EXERCISE – The reader should set down exactly the lines from the one containing "Quick one: I" through the last line of the material, omitting every picture.

DATA SEGMENT –
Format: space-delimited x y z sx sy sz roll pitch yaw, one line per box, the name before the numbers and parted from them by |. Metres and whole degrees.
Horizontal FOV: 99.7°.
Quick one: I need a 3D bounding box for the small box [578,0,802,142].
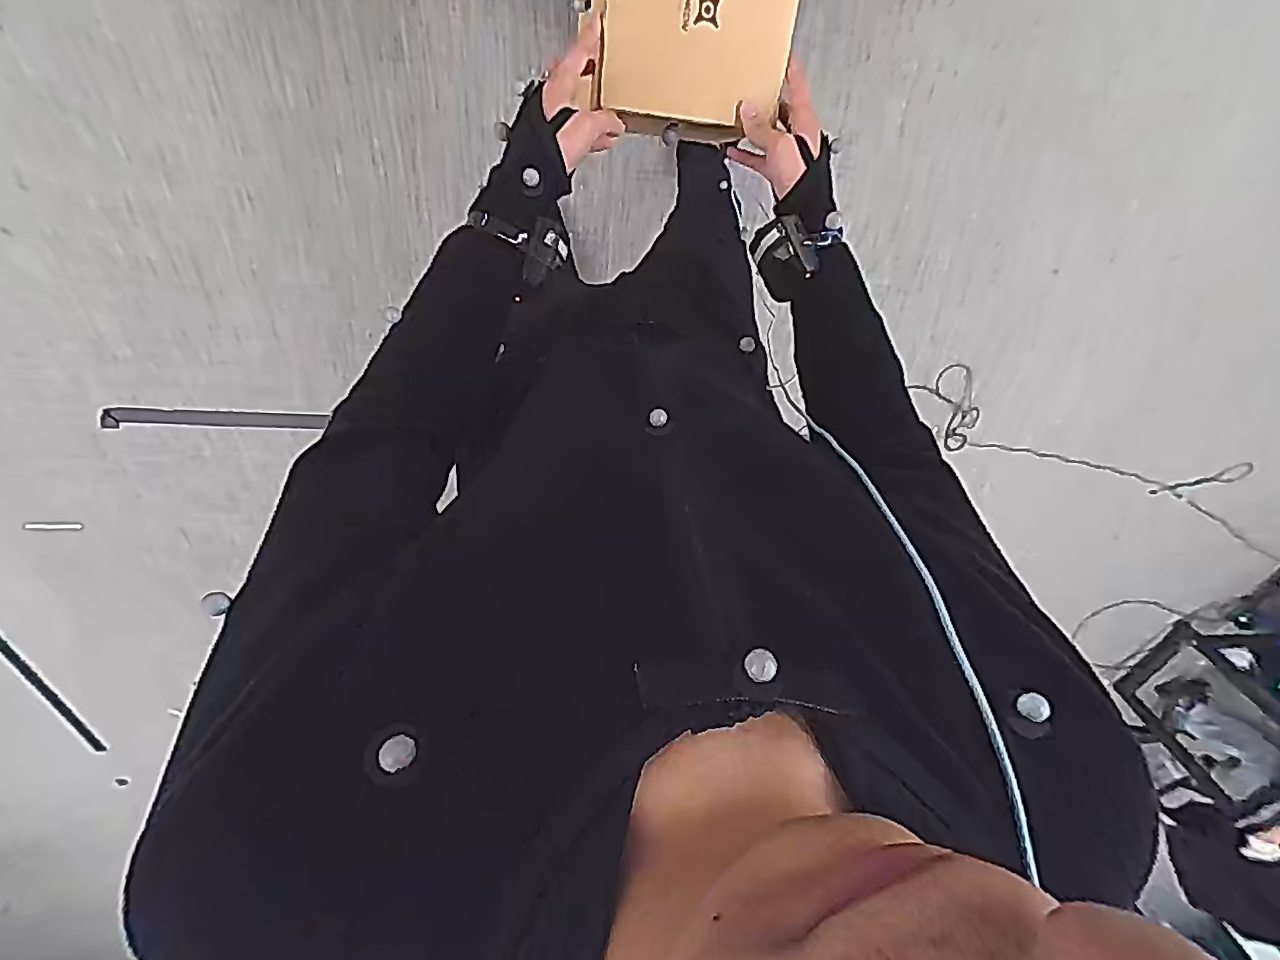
small box | 0.039 -0.440 0.532 0.179 0.176 0.168 -1 119 -13

TASK RESPONSE –
Quick one: I need a 3D bounding box for the small box [578,0,802,142].
small box | 0.039 -0.440 0.532 0.179 0.176 0.168 -1 119 -13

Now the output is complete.